Heller Fleck auf dem Gewässergrund kann den Standort eines besseren Fisches kennzeichnen. Wedeln mit der Schwanzflosse, hat Schlammablagerung, feinen Schmutz oder Algen fortgespült, - Blankgeputzt ! Solche hellen Flecke können in Flüssen bis 50 Meter weit zu sehen sein.
Der Schlürfer oder der Kuß genannt wird von einem deutlich hörbaren schlürfendem Geräusch begleitet. Es wird hervorgerufen durch kräftigen einsaugens, mit dem die Forelle die Fliege samt etwas Luft ins Maul holt. Dabei bildet sich obtisch eine kaum wahrnehmbare Strömung in der Wasserhaut. (Deutet auf eine starke Forelle hin die dicht unter der Wasseroberfläche steht).
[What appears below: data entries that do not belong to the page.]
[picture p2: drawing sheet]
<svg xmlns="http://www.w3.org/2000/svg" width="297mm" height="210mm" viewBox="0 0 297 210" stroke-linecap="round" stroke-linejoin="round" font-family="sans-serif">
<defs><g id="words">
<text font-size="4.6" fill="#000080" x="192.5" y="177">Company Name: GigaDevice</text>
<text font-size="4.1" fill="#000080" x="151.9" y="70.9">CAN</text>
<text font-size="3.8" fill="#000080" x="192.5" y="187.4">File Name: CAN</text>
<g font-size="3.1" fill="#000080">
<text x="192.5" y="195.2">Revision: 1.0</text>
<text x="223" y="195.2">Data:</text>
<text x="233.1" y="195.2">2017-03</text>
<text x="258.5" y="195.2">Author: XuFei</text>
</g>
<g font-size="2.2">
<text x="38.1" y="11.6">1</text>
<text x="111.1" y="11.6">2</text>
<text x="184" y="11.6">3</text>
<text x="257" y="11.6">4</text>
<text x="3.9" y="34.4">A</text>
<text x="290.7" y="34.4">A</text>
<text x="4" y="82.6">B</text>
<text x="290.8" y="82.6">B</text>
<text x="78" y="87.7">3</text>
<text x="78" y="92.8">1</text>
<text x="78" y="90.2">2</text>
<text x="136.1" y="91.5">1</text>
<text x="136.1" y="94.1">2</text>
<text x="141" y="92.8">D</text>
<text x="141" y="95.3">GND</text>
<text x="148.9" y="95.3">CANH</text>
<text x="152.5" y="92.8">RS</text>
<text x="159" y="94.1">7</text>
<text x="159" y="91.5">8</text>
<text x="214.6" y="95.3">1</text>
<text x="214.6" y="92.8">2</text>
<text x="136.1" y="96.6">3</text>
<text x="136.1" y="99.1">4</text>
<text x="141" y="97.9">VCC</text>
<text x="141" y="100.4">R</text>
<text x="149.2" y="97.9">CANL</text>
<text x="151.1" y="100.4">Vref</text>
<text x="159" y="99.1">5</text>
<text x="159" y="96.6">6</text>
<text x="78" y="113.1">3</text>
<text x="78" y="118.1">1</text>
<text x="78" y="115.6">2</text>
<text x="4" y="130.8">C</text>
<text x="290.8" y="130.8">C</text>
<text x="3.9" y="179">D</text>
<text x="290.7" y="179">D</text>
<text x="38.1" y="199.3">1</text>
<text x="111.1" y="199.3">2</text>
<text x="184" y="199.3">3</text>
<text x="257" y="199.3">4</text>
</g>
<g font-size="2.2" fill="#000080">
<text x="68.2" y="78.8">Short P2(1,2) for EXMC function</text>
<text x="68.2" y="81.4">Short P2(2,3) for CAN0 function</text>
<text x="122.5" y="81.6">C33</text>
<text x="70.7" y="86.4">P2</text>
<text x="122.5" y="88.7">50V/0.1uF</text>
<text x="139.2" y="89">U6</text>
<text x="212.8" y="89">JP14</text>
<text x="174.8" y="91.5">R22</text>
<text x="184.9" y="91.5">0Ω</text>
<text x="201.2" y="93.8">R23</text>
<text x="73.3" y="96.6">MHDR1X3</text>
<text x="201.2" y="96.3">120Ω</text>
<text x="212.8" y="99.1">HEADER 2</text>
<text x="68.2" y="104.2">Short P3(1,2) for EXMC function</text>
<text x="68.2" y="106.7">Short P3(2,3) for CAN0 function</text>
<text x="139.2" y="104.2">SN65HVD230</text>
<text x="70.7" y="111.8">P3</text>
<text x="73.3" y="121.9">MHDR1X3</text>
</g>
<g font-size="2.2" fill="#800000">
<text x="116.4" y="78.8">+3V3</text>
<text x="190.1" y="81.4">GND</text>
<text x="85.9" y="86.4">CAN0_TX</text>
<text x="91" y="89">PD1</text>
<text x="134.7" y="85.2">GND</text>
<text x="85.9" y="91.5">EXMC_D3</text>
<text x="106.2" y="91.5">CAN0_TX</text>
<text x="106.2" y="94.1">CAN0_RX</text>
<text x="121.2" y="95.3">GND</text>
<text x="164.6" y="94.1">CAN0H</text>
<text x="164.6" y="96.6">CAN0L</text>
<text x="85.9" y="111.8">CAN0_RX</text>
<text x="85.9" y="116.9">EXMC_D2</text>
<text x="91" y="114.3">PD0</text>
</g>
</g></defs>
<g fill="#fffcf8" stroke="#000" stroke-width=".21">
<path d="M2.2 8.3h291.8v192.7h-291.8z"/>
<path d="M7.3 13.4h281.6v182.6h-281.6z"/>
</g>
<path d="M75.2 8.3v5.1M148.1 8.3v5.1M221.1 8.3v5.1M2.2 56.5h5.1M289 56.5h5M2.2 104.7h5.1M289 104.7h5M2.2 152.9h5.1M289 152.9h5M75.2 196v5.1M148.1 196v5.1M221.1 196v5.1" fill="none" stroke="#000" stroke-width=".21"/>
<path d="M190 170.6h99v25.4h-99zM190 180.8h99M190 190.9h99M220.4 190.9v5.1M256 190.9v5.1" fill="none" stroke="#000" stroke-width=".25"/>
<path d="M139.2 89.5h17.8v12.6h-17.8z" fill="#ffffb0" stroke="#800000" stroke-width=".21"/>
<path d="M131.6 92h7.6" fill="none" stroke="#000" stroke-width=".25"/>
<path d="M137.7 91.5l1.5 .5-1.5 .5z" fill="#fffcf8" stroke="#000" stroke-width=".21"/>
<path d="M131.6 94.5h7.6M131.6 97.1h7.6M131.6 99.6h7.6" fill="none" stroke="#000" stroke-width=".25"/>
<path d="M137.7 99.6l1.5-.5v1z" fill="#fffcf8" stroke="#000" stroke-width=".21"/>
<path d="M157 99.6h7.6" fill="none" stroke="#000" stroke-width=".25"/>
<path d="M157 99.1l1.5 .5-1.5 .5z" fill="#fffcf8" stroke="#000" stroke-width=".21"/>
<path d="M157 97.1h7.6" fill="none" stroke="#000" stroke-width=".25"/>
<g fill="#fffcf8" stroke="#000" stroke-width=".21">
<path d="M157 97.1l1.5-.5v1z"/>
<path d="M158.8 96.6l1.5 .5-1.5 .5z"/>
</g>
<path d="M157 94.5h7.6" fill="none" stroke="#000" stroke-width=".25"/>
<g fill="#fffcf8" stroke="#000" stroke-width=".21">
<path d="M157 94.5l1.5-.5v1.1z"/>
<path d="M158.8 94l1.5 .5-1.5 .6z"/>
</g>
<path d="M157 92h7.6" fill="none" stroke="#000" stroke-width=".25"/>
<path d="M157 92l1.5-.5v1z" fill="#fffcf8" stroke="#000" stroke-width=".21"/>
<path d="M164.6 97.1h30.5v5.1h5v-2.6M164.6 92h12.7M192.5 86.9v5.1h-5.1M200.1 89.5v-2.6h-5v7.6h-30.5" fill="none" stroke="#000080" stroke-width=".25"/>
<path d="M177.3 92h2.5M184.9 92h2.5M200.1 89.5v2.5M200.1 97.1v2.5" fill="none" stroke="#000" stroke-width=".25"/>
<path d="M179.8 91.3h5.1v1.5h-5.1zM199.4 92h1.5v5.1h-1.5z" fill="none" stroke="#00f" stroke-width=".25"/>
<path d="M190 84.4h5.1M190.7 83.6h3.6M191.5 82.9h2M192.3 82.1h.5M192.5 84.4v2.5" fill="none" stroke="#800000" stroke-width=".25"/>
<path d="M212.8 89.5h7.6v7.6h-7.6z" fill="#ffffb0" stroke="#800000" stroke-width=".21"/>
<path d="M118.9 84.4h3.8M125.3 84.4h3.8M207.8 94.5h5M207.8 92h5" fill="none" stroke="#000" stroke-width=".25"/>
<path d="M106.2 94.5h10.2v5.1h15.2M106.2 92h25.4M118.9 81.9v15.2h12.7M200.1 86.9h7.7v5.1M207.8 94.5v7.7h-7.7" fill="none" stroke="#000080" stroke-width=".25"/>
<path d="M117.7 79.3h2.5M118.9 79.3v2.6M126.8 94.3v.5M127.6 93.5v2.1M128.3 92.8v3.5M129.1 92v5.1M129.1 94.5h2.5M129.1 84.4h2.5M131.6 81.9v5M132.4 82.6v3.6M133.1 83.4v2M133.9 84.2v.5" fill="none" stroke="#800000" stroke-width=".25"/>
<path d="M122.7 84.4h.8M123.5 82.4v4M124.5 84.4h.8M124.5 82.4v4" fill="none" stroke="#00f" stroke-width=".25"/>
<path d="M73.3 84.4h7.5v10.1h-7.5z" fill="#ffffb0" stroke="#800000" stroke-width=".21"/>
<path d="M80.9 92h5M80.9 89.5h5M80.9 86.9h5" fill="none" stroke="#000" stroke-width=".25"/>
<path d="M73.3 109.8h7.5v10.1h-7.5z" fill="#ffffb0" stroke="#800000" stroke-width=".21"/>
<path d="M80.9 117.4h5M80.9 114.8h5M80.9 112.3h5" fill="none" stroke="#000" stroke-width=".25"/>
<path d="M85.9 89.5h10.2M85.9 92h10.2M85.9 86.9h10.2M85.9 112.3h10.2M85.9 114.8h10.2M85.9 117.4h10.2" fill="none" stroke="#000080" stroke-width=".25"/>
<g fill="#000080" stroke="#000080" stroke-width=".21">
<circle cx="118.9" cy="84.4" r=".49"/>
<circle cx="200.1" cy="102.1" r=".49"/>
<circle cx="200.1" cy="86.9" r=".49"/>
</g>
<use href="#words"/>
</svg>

Fisch zeigt keine Eile, weil er sicher ist, das die Insekten im Oberflächenfilm klebend nicht entfliehen können.
Wedeln (Steigzeichen). Dabei tauchen Schultern, Rückenflosse und Schwanz fast gleichzeitig in der Oberflächenhaut auf; an gleichmäßigen strömenden Wasserstrecken mit glatter Oberfläche zu beobachten. Fisch nimmt dabei kleine Duns oder Spinner, die in Massen auf ihn zutreiben. Gemächliches Steigverhalten. Eine wedelnde Forelle fällt selten auf ein Imitat herein.
Der Patscher wird von einem an der Oberfläche rasch schwimmenden Fisch erzeugt, wobei ein Sprühregen hoch in die Luft geht oder das Wasser kräftig seitwärts aufwallt. Das Insekt, das die Forelle am häufigsten zu rascher Verfolgung reizt, ist die Köcherfliege. Alle Köcherfliegenarten sind relativ groß und deshalb ein verlockender Leckerbissen. < Patscher sind besonders abends zu beobachten und deuten auf schlüpfende Sedges hin. Treten Patscher am Tage auf, sucht man als Ursache ein großes ins Wasser geratenes Landinsekt oder die Maifliege.
Die Vierteldrehung. Die am Grund stehende Forelle führt öfter korkenzieherartige Vierteldrehungen aus. Dabei liegt sie für Sekunden im spitzen Winkel zum Flußbett auf der Seite und nimmt dann wieder ihre normale Stellung ein. Die Bewegung verrät die Vorliebe für Flokrebse, die sie dabei vom Boden aufnimmt.
Die gründelnde Forelle. Dabei durchstößt die obere Spitze der Schwanzflosse oft den Wasserfilm im flachen Wasser, sodaß sich ein Ring bildet, ähnlich dem Bild , beim Steigen einer Forelle. Der gründelnde Fisch nimmt dabei Flohkrebse, Wasserschnecken, Nymphen oder Köcherlarven auf.
Die Rolle, oder das Schwanz über Kopfsteigen. Dabei zeichnet der Fisch stehts im Zeitlupentempo atemberaubend langsam. Erst taucht die obere Hälfte des Kopfes, dann die Schulter, der Rücken und schließlich der große breite Schwanz auf. Der Fisch erscheint dabei größer als er in Wirklichkeit ist. In schnellen Wasser oder Rieseln ist die Rolle selten. Sie ist bezeichnend für glatte fließende Strecken. Sie gilt Nymphen oder Spinnern, die im Oberflächenfilm kleben.